◆ Problem
The entries below contain a stretch that opens with the line containing "text 1937- Stalin" and closes with the line containing "text besoin, on"; set down that stretch exactly, both ends included, and nothing else.

Records from a data collection:
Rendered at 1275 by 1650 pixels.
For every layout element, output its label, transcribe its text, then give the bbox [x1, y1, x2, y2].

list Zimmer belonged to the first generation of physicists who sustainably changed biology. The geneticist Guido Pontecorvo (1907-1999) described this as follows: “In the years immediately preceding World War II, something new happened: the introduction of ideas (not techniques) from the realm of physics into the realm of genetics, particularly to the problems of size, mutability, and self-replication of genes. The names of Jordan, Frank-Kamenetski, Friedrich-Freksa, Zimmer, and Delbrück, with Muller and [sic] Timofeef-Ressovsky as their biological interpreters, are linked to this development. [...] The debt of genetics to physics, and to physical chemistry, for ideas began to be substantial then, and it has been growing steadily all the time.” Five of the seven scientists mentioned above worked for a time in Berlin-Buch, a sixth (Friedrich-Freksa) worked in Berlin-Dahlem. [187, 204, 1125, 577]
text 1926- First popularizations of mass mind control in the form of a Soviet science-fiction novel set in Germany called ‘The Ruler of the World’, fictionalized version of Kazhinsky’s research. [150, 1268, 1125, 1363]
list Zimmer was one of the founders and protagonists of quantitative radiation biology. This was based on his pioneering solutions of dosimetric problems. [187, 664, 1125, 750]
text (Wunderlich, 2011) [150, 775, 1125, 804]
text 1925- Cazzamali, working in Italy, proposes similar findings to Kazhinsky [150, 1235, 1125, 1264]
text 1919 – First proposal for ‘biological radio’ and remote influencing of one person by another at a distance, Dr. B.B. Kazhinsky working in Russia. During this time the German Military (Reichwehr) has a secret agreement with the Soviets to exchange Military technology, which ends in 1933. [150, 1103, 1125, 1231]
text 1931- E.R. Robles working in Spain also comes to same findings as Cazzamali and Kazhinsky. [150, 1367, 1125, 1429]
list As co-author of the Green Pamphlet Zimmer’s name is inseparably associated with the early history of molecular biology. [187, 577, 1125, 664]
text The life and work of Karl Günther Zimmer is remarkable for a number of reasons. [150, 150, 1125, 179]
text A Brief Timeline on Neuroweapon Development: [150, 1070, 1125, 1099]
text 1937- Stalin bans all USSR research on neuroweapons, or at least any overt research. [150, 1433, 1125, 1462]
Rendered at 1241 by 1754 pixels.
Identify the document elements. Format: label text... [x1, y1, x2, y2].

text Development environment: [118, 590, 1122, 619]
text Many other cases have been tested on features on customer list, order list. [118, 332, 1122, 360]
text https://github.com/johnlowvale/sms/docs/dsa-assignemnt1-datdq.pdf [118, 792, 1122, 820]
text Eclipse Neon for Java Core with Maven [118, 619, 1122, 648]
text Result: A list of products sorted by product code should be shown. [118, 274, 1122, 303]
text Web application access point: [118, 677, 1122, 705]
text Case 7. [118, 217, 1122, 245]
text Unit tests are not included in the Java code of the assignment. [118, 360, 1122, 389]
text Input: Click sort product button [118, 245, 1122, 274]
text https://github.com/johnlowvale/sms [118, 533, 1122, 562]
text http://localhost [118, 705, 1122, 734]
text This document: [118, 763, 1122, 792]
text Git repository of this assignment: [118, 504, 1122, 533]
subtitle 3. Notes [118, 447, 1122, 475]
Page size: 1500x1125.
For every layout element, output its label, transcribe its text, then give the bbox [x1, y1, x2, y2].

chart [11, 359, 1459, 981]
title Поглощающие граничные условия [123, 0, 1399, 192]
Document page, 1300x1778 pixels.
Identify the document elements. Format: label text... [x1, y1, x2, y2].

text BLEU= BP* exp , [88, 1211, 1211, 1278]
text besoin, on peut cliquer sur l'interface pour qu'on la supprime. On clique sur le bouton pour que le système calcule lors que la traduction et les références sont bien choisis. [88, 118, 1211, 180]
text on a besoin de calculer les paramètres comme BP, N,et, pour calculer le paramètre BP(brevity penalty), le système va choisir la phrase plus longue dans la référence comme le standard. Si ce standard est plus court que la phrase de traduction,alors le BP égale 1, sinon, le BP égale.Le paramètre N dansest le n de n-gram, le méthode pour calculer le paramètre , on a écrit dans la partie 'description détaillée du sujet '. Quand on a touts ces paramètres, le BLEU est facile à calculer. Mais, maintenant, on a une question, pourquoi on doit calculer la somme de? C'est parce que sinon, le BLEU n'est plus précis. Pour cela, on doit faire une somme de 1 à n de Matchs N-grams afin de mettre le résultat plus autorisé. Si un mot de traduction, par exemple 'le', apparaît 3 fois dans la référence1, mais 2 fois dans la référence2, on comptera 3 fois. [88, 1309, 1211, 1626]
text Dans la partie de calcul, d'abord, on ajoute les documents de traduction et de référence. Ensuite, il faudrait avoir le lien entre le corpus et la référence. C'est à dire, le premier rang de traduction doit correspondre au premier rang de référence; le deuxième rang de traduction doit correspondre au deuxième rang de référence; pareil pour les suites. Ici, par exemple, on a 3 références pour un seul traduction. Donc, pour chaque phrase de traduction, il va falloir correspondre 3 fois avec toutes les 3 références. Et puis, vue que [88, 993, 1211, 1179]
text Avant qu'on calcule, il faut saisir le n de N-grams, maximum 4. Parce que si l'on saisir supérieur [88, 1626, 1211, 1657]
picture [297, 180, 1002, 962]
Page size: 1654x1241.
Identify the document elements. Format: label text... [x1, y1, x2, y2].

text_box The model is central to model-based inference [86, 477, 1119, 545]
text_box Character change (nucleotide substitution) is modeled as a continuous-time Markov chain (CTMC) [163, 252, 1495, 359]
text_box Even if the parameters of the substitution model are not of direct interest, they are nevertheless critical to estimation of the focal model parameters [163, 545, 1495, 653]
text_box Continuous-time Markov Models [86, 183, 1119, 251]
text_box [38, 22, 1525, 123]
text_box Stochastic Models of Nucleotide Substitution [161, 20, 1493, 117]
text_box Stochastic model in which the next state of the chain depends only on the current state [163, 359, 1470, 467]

◆ Answer to this problem
text 1937- Stalin bans all USSR research on neuroweapons, or at least any overt research. [150, 1433, 1125, 1462]
Rendered at 1241 by 1754 pixels.
Identify the document elements. Format: label text... [x1, y1, x2, y2].

text Development environment: [118, 590, 1122, 619]
text Many other cases have been tested on features on customer list, order list. [118, 332, 1122, 360]
text https://github.com/johnlowvale/sms/docs/dsa-assignemnt1-datdq.pdf [118, 792, 1122, 820]
text Eclipse Neon for Java Core with Maven [118, 619, 1122, 648]
text Result: A list of products sorted by product code should be shown. [118, 274, 1122, 303]
text Web application access point: [118, 677, 1122, 705]
text Case 7. [118, 217, 1122, 245]
text Unit tests are not included in the Java code of the assignment. [118, 360, 1122, 389]
text Input: Click sort product button [118, 245, 1122, 274]
text https://github.com/johnlowvale/sms [118, 533, 1122, 562]
text http://localhost [118, 705, 1122, 734]
text This document: [118, 763, 1122, 792]
text Git repository of this assignment: [118, 504, 1122, 533]
subtitle 3. Notes [118, 447, 1122, 475]
Page size: 1500x1125.
For every layout element, output its label, transcribe its text, then give the bbox [x1, y1, x2, y2].

chart [11, 359, 1459, 981]
title Поглощающие граничные условия [123, 0, 1399, 192]
Document page, 1300x1778 pixels.
Identify the document elements. Format: label text... [x1, y1, x2, y2].

text BLEU= BP* exp , [88, 1211, 1211, 1278]
text besoin, on peut cliquer sur l'interface pour qu'on la supprime. On clique sur le bouton pour que le système calcule lors que la traduction et les références sont bien choisis. [88, 118, 1211, 180]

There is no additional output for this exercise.